Steam Deckのストレージ拡張はmicroSDカードが最適

 さまざまなゲームで試したわけではないので一概には言えないが、今回の検証結果から見ると、SwitchやPS4、PS5のように、内蔵以外のストレージでもロード時間に差がないというわけではなく、ゲームコンテンツによって差異が発生することがわかった。

Steam Deckの価格表
ラインナップ 64GB eMMCモデル 256GB NVMe SSDモデル 512GB NVMe SSDモデル
Steam Deck本体 5万9800円 7万9800円 9万9800円
ドッキングステーション 1万4800円

 Steam Deckの価格は表の通り。ストレージを拡張したいならコスパが良いmicroSDカードを利用するのがベストで、USB接続による外付けSSDは持ち運んでPCなどでもプレイしたいという用途に留めておくのがいいかもしれない。

 とはいえ、外付けSSDのほうが容量が大きいモデルがあるため使わないというのももったいない。ゲームによっては内蔵SSDと遜色ない速度を発揮するので、そういったゲームを逃がすという使い方でもいいだろう。

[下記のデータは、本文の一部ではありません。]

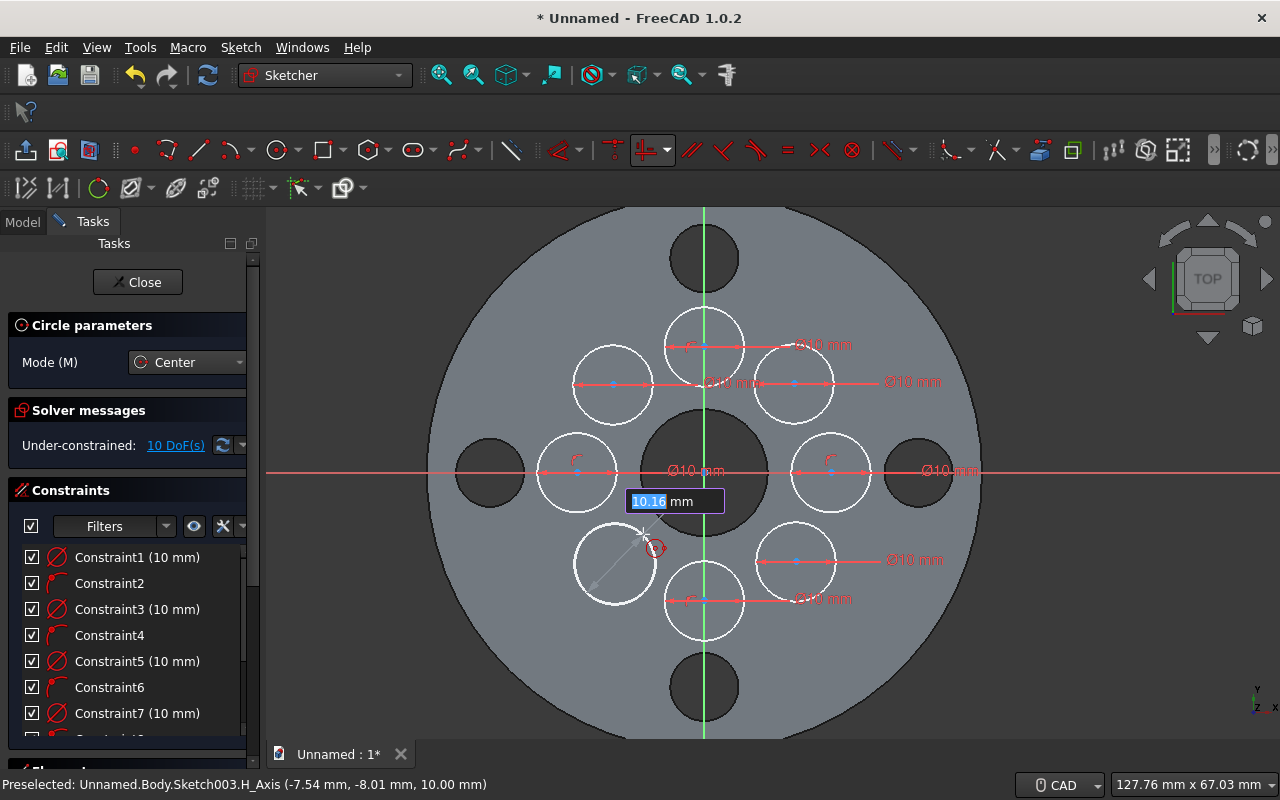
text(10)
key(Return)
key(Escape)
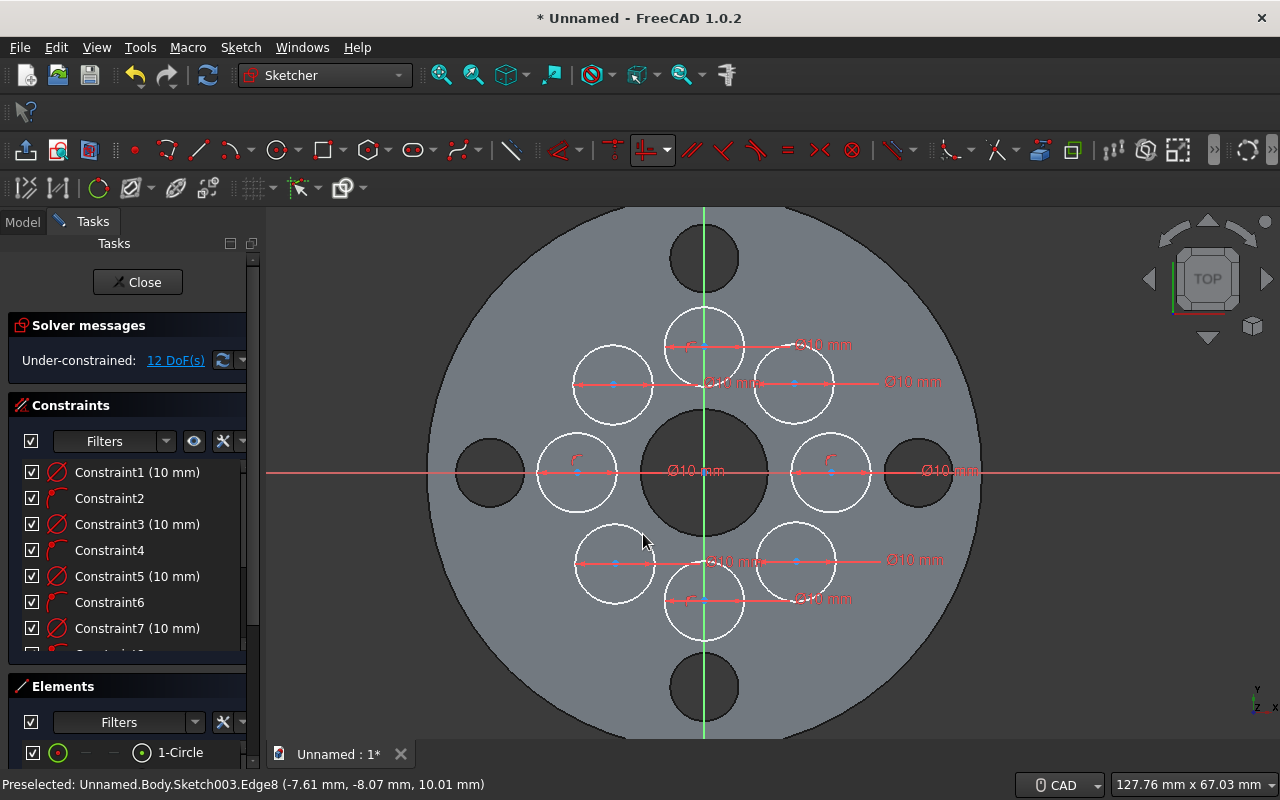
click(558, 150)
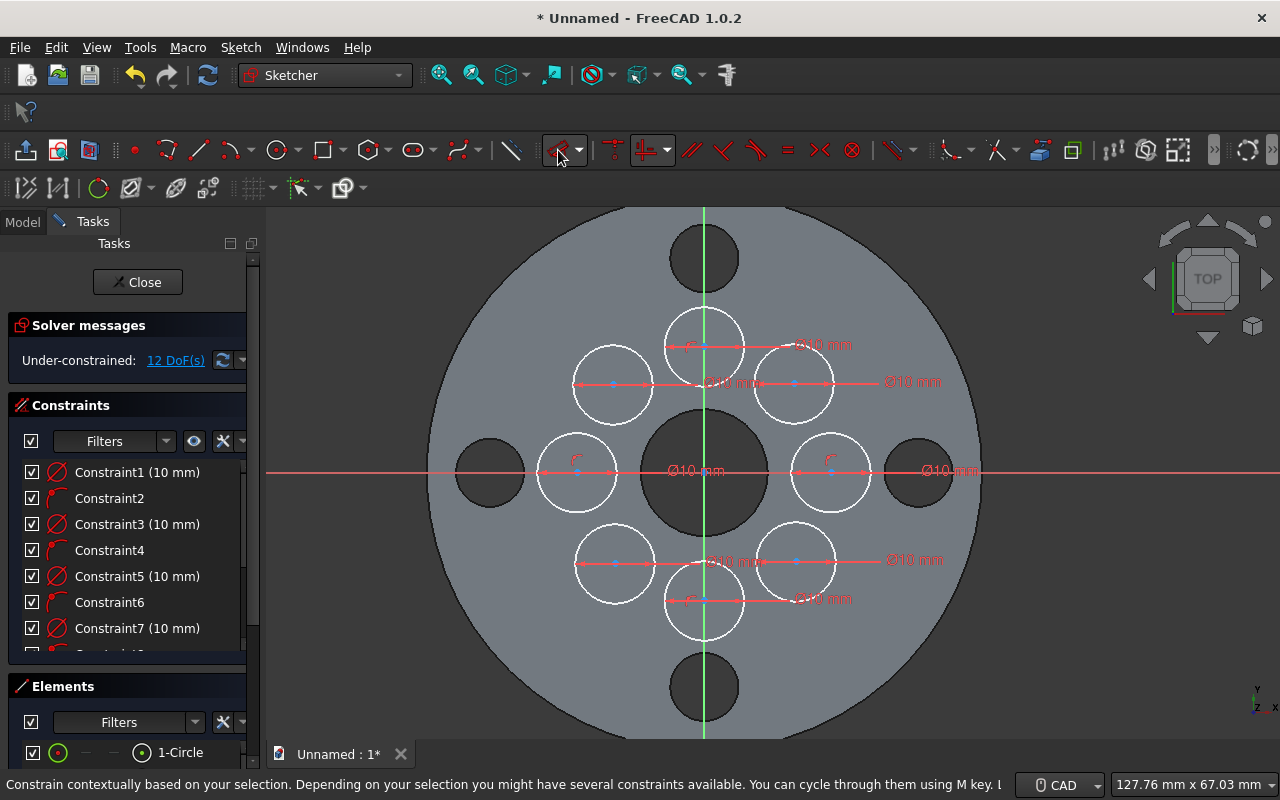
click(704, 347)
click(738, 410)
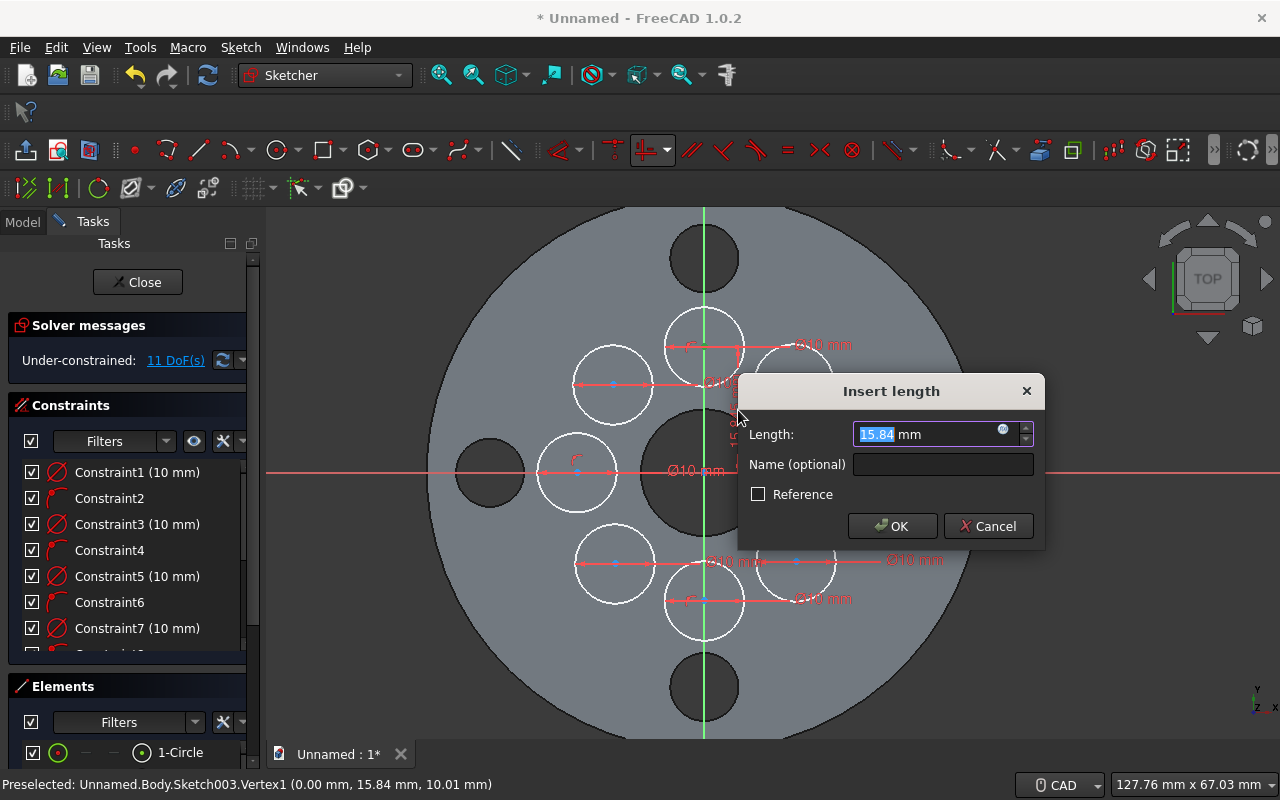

 microSDは高速アクセスで信頼性も高い512GBでも実売8000円前後で購入できるEVO Plusをオススメしたい。

 モバイルSSDとしてT7 Shieldは、性能をフルに発揮するUSB3.2 Gen2仕様の環境で活用したいところ。1TBモデルで実売価格1万5000円前後なので、大容量モデルを購入してゲームを逃がすにはうってつけ。Steam Deckを購入する際は、最初から容量拡張も考えて同時に購入しよう。